Morning Thanks

Garrison Keillor once said we'd all be better off if we all started the day by giving thanks for just one thing. I'll try.

Thursday, February 14, 2019

Poetry once again

Mary Oliver, 1935-2019
I think I've almost forgotten what I spent so many years teaching. For years, I spoonfed poetry into endless classes of college freshmen, urging them to appreciate the smell the roses so redolent in verse--Shakespeare to Frost to Koozer.

Then I retired and promptly forgot all that stuff. If I were to page through the last decade of blog posts, I'd find some poems--here and there Emily Dickinson, now and then someone else I'd stumble upon, and some from a few friends like Jean Janzen, Julia Kasdorf, Luci Shaw, Bob Siegel. But poetry has never been a steady diet; only rarely do I sit and read.

A former student messaged me yesterday, asked me which Mary Oliver book she should buy as a gift for her husband's birthday. As if I knew. I know Mary Oliver, know she's greatly loved by people I respect greatly, know she died just recently, know her penchant for the rich spirituality of little things, the glories of the natural world. But I don't really know her work.
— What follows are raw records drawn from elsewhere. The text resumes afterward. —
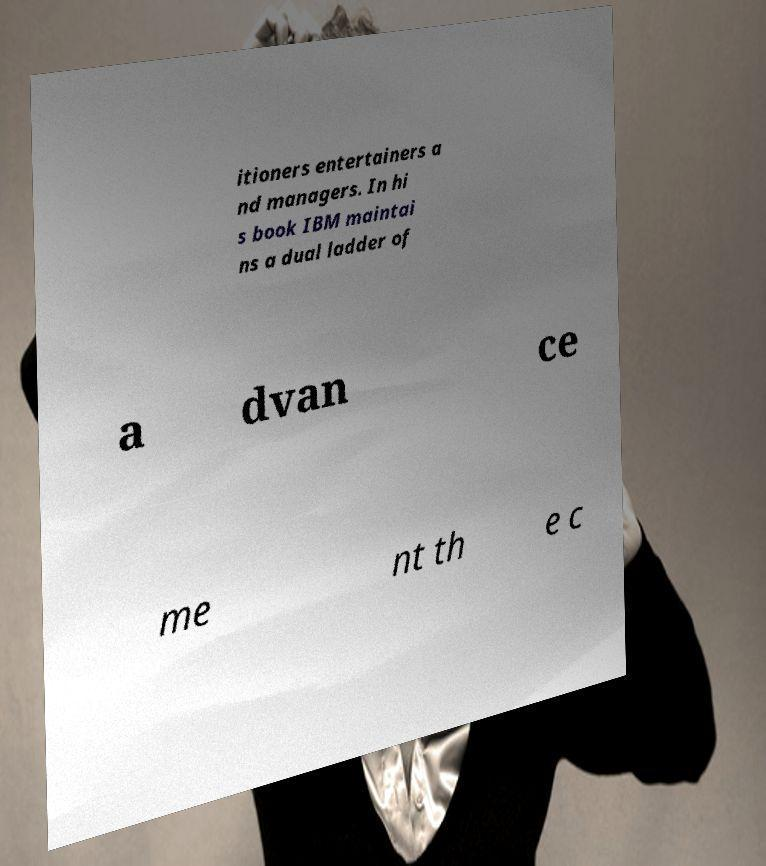Please identify and transcribe the text found in this image. itioners entertainers a nd managers. In hi s book IBM maintai ns a dual ladder of a dvan ce me nt th e c 
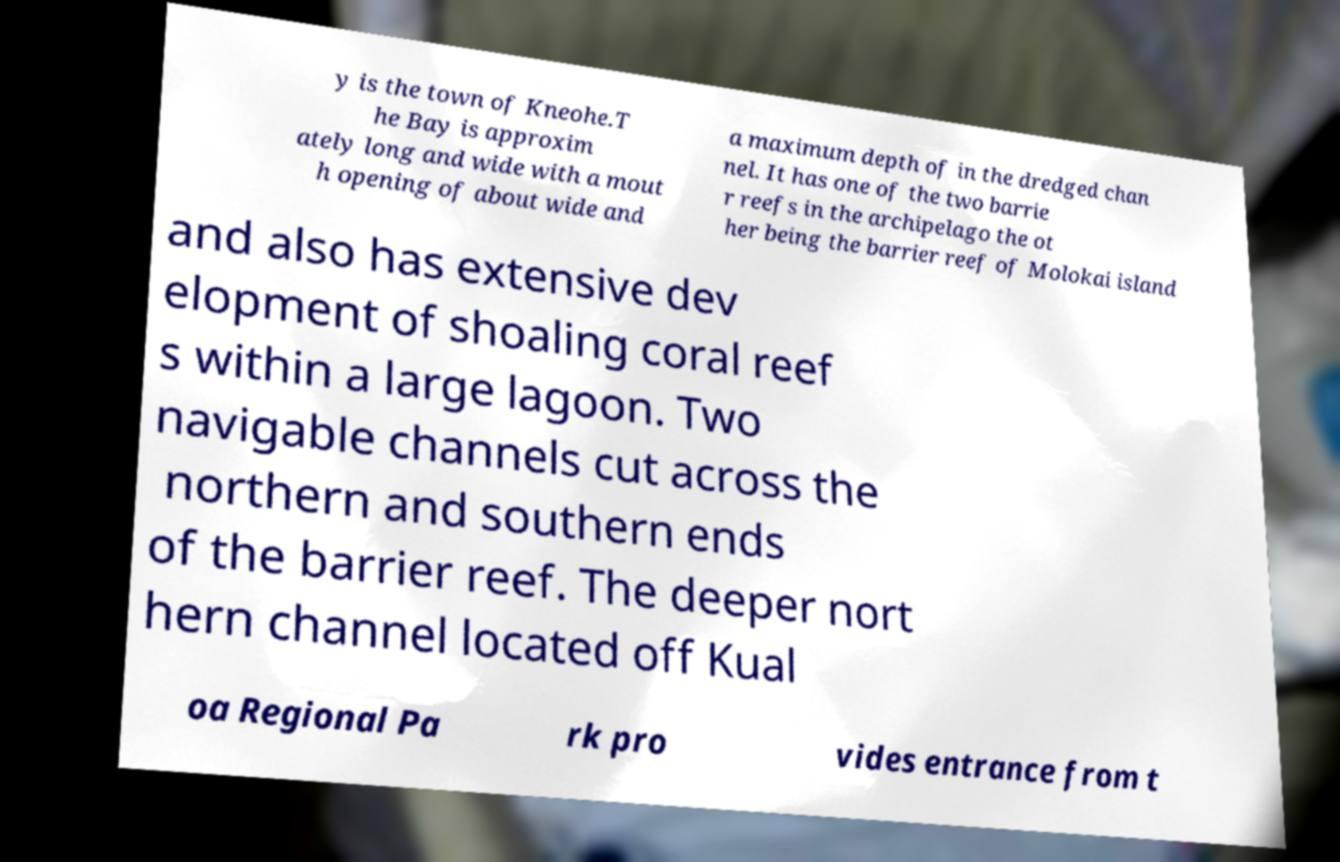There's text embedded in this image that I need extracted. Can you transcribe it verbatim? y is the town of Kneohe.T he Bay is approxim ately long and wide with a mout h opening of about wide and a maximum depth of in the dredged chan nel. It has one of the two barrie r reefs in the archipelago the ot her being the barrier reef of Molokai island and also has extensive dev elopment of shoaling coral reef s within a large lagoon. Two navigable channels cut across the northern and southern ends of the barrier reef. The deeper nort hern channel located off Kual oa Regional Pa rk pro vides entrance from t 
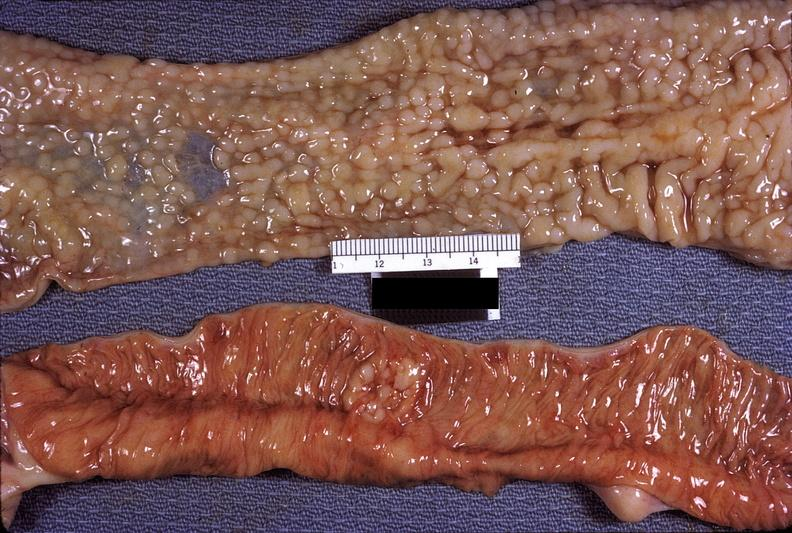does hand show small intestine, hodgkins lymphosarcoma?
Answer the question using a single word or phrase. No

So yesterday, having still not answered my ex-student's question, I googled Mary Oliver's poetry, and scolded myself for not doing what I told thousands of kids they should do--read poetry. This is the first Mary Oliver poem I found.

The Journey

One day you finally knew
what you had to do, and began,
though the voices around you
kept shouting
their bad advice--
though the whole house
began to tremble
and you felt the old tug
at your ankles.

The kind of epiphany she's describing is not some blinding Demascus Road discovery. "Finally" suggests the change of heart or mood or life that's about to happen is something you or I have considered for a long time--who knows how long? And it's not whimsy either. There are voices everywhere, reasons to fear walking away from what has been.

"Mend my life!"
each voice cried.
But you didn't stop.
You knew what you had to do,
though the wind pried
with its stiff fingers
at the very foundations,
though their melancholy
was terrible.

Dependents are all around, so many or so weighty that something in you risks being lost in their needing. Pulling away is so difficult it sends us into depression. But the poem carries resolve--"You knew what you had to do." And interesting, isn't it?--her use of you? She's telling us something we already know. 

It was already late
enough, and a wild night,
and the road full of fallen
branches and stones.

And we're not turning back--even though the path away isn't any easier to negotiate than the mess we've left behind.

But little by little,
as you left their voices behind,
the stars began to burn
through the sheets of clouds,

The darkness doesn't stay. Even though it's night, somehow there's light, somehow there's stars. The burden we've left behind isn't as clear as what we're already only beginning to see.

and there was a new voice
which you slowly
recognized as your own,
that kept you company

Once again, she's telling us what she says we already know. This journey all past tense. It's something we know because it's something we all have done, maybe not just once either, maybe often. There were times we had to walk away or suffer the death of something more important. "You remember," she tells us-- and it's not a question. Remember how that went?--strength increasing, courage growing, resolution refashioning our own sense of who we are.

as you strode deeper and deeper
into the world, determined to do
the only thing you could do--
determined to save
the only life you could save.

That's it. End of poem. End of story.

As it turns out, ourselves is all we have, she says, and you know it. The old moralist in me could spin all of this as idolatry, because the outline Mary Oliver traces in "The Journey" snubs your neighbor. That's what's left behind here when you walk away. 

But this isn't Sunday School. What Mary Oliver is describing is the discovery of the second half of the old biblical injunction--"love your neighbor as yourself." Mary Oliver's "Journey" is all about making sure the you each of us works with is sound and true and resolved. She's telling us what we already know but always to need to hear. She's making sure we remember that the only soul we can save is that one within ourselves. 

I think I'll tell that former student to buy Devotions, Mary Oliver's most recent collection. And I'll buy one too.